Depuis la révolution, les médecins et les paramédicaux ont eu à subir des agressions dont le nombre et la gravité n’ont fait qu’augmenter, allant de la simple agression verbale à l’agression en groupe ou bien avec arme blanche. En moins d’une année, le syndicat des internes et des résidents en médecine de Tunis a enregistré 272 cas de violence physique à l’encontre de médecins, et ne compte plus les agressions verbales et les incivilités devenues quasi quotidiennes.

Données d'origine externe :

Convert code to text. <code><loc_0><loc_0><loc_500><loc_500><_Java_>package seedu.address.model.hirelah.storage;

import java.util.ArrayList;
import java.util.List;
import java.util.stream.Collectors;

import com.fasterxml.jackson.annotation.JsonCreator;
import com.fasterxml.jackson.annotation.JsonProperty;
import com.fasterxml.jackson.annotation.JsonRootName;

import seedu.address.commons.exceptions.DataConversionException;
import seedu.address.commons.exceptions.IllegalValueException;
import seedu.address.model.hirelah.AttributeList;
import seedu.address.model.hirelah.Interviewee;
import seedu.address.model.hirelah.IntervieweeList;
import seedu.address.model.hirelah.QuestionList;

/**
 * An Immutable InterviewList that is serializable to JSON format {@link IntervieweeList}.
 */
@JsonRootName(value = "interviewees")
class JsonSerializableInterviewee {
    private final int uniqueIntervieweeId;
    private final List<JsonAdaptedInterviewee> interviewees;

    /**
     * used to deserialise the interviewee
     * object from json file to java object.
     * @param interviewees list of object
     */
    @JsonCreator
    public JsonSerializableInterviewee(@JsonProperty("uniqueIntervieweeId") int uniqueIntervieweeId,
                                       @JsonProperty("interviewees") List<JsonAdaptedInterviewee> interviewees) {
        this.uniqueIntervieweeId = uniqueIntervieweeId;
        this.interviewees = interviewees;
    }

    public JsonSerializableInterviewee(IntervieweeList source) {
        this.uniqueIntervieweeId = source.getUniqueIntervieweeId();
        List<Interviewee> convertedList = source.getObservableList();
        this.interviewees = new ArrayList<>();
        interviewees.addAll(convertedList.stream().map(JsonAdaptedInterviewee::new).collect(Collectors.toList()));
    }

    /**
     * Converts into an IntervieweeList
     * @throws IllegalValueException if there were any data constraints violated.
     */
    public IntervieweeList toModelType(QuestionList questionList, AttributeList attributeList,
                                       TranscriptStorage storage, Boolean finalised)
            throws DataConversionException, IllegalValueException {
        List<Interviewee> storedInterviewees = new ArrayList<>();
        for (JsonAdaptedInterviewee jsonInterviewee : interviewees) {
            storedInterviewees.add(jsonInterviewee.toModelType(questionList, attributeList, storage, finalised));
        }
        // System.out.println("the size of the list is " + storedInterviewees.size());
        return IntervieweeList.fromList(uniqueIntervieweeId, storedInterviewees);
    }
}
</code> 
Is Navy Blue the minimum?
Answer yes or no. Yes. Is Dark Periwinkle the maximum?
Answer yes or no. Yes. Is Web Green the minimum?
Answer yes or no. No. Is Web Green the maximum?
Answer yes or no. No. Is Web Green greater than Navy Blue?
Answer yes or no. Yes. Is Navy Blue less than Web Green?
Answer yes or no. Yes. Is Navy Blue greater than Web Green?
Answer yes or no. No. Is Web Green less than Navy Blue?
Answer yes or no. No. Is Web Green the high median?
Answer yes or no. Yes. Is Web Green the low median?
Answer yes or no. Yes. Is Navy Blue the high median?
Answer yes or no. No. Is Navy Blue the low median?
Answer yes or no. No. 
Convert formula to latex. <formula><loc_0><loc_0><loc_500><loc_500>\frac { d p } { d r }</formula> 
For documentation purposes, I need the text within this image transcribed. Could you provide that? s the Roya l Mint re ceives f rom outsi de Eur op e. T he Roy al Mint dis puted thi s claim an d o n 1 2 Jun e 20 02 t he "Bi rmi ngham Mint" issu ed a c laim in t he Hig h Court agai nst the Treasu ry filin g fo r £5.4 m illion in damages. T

A titre d’exemple, le mois de mai 2012 a vu l’agression d’un médecin interne aux urgences de la Rabta ayant causé un traumatisme crânien sévère, d'où une hospitalisation en service de réanimation. Un résident d’orthopédie a lui été agressé à l’hôpital régional de Bizerte et a dû être admis à son tour en réanimation à côté d'un patient qu'il venait d'opérer ; il présentait des hématomes cérébraux et une luxation des vertèbres cervicales qui aurait pu causer une tétraplégie. Dans les services des urgences de l’hôpital Habib Bourguiba et de l’hôpital Mongi Slim, ce sont respectivement un résident et un médecin qui ont été victime de malfrats. Au centre de maternité Wassila Bourguiba, ce sont deux femmes médecins qui ont été menacées par arme blanche en Janvier 2012 ; leur véhicule pourtant garé dans l'enceinte de l'hôpital a été volé.

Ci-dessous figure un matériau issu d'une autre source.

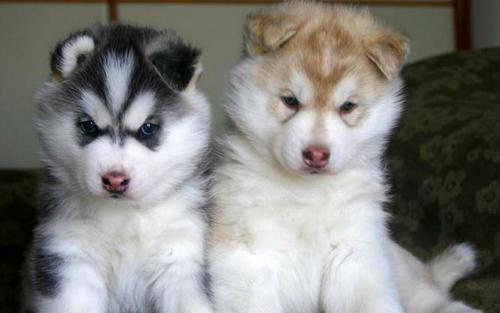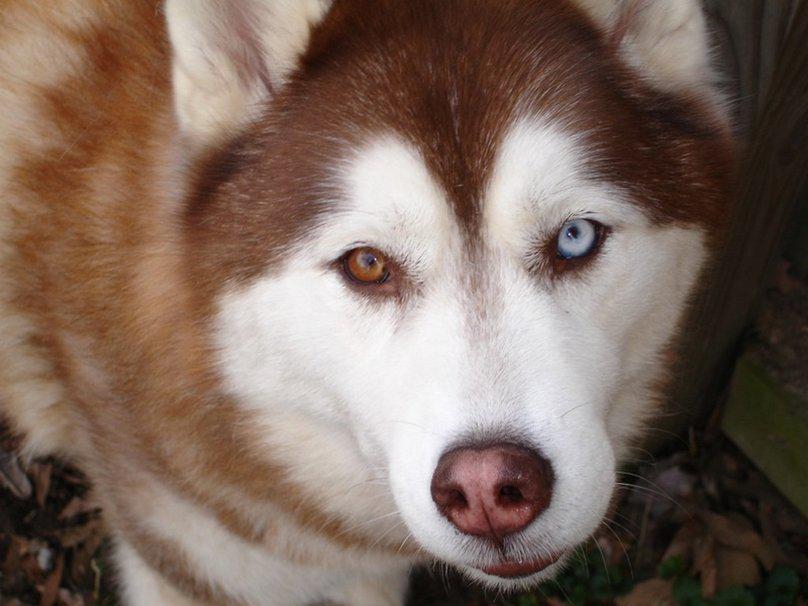The first image is the image on the left, the second image is the image on the right. Examine the images to the left and right. Is the description "There are two Huskies in one image and a single Husky in another image." accurate? Answer yes or no. Yes. The first image is the image on the left, the second image is the image on the right. Given the left and right images, does the statement "The left image contains two side-by-side puppies who are facing forward and sitting upright." hold true? Answer yes or no. Yes. 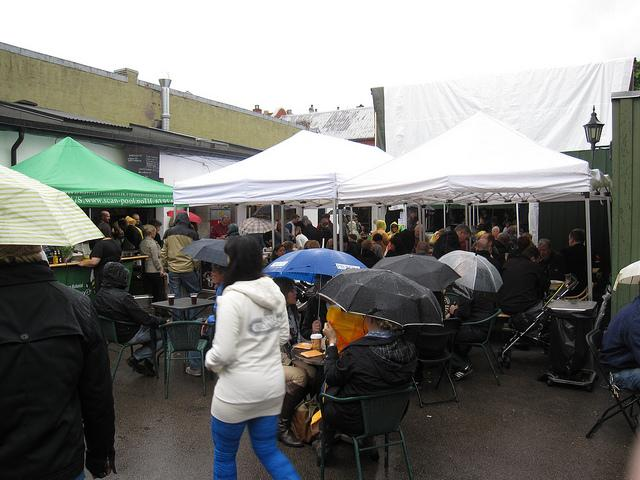Why is the outdoor area using covered gazebos? Please explain your reasoning. stay dry. The sky is very overcast and people also have umbrellas 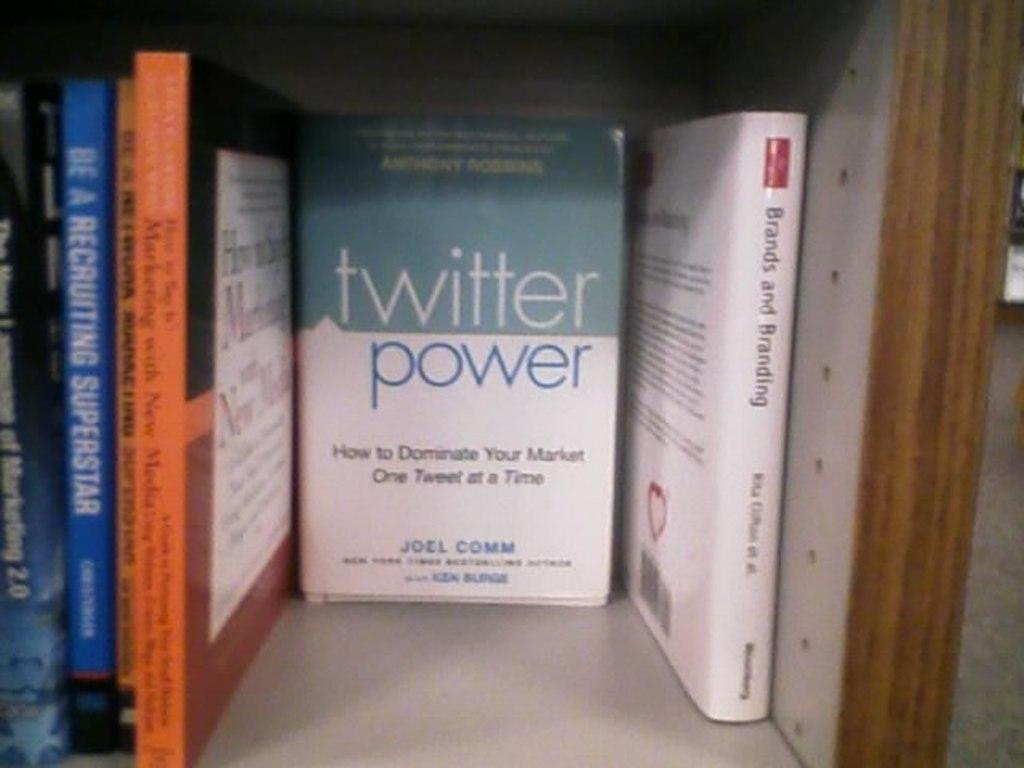<image>
Present a compact description of the photo's key features. Book named Twitter Power by Joel Comm on a book shelf.

La grève à laquelle appellent les syndicats d’internes et de résidents en médecine de Monastir, Sfax et Tunis fait suite à quatre entrevues avec des responsables du ministère de la santé publique. Les revendications des internes et des résidents en médecine sont : 1. La concrétisation des accords signés avec le ministère de la santé publique et l’engageant à recruter et organiser du personnel qualifié en vue d’assurer le bon déroulement de l’exercice de la médecine. 2. La désignation d’un responsable de la sécurité au sein de chaque structure hospitalière, lequel sera tenu pour responsable de tout incident touchant à la sécurité du personnel. 3. La publication d’une liste exhaustive des responsables juridiques des hôpitaux chargés de la poursuite en justice de toute agression, verbale ou physique. 4. La publication de comptes-rendus détaillés de l’avancement des poursuites juridiques concernant les plaintes déjà déposées.

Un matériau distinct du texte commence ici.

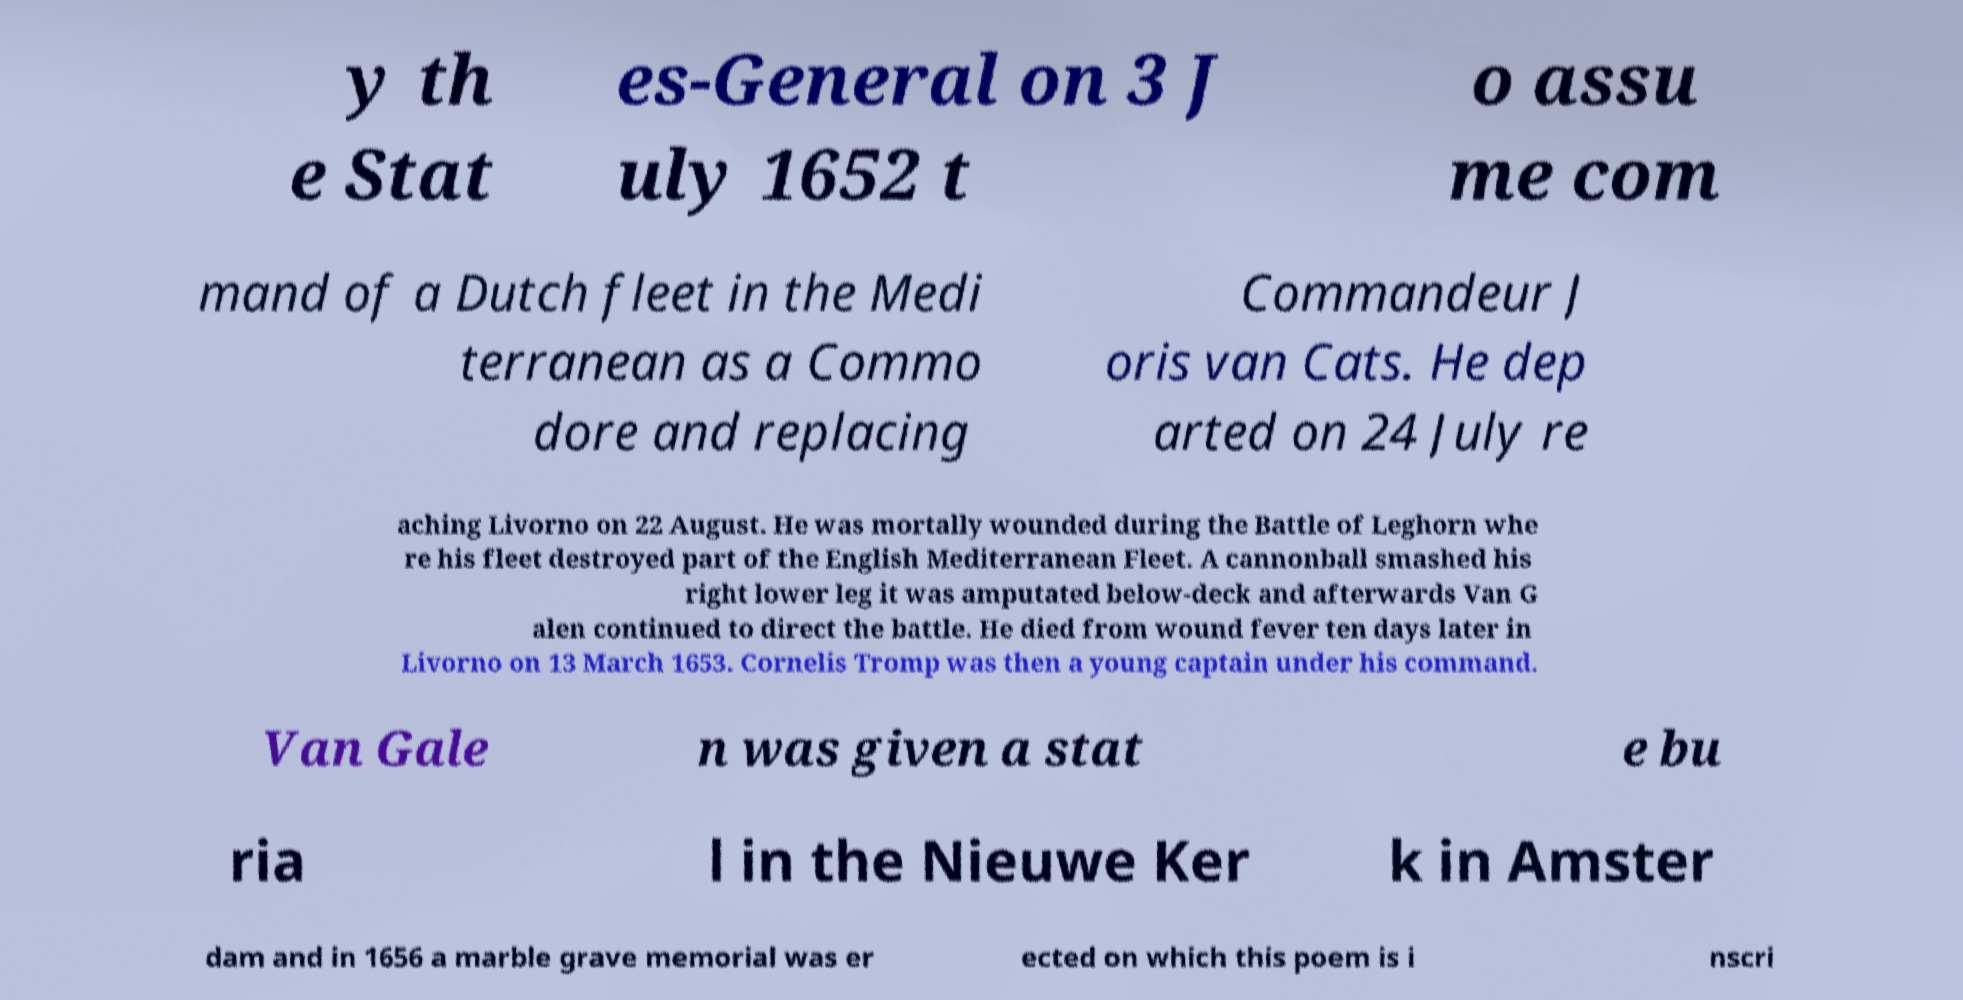Please identify and transcribe the text found in this image. y th e Stat es-General on 3 J uly 1652 t o assu me com mand of a Dutch fleet in the Medi terranean as a Commo dore and replacing Commandeur J oris van Cats. He dep arted on 24 July re aching Livorno on 22 August. He was mortally wounded during the Battle of Leghorn whe re his fleet destroyed part of the English Mediterranean Fleet. A cannonball smashed his right lower leg it was amputated below-deck and afterwards Van G alen continued to direct the battle. He died from wound fever ten days later in Livorno on 13 March 1653. Cornelis Tromp was then a young captain under his command. Van Gale n was given a stat e bu ria l in the Nieuwe Ker k in Amster dam and in 1656 a marble grave memorial was er ected on which this poem is i nscri

La grève nationale des internes et des résidents en médecine aura lieu les 5, 6 et 7 juin 2012 pour dénoncer l’insécurité croissante dans les hôpitaux, les dispensaires et surtout les services d’urgence. Des mesures concrètes et réalisables ont été demandées et doivent êtres appliquées, il est question de décider si l'ont veut une médecine de qualité ou une médecine de guerre. A Tunis, le 5 juin, les internes et les résidents en médecine feront grève dans leurs services respectifs. Le 6 juin 2012 à 10 heures, une conférence de presse sera organisée au sein de la faculté de médecine de Tunis. Enfin, le 7 juin à 11 heures, une assemblée générale du syndicat des internes et des résidents en médecine de Tunis se tiendra au même lieu et les médecins hospitalo-universitaires seront conviés à y participer.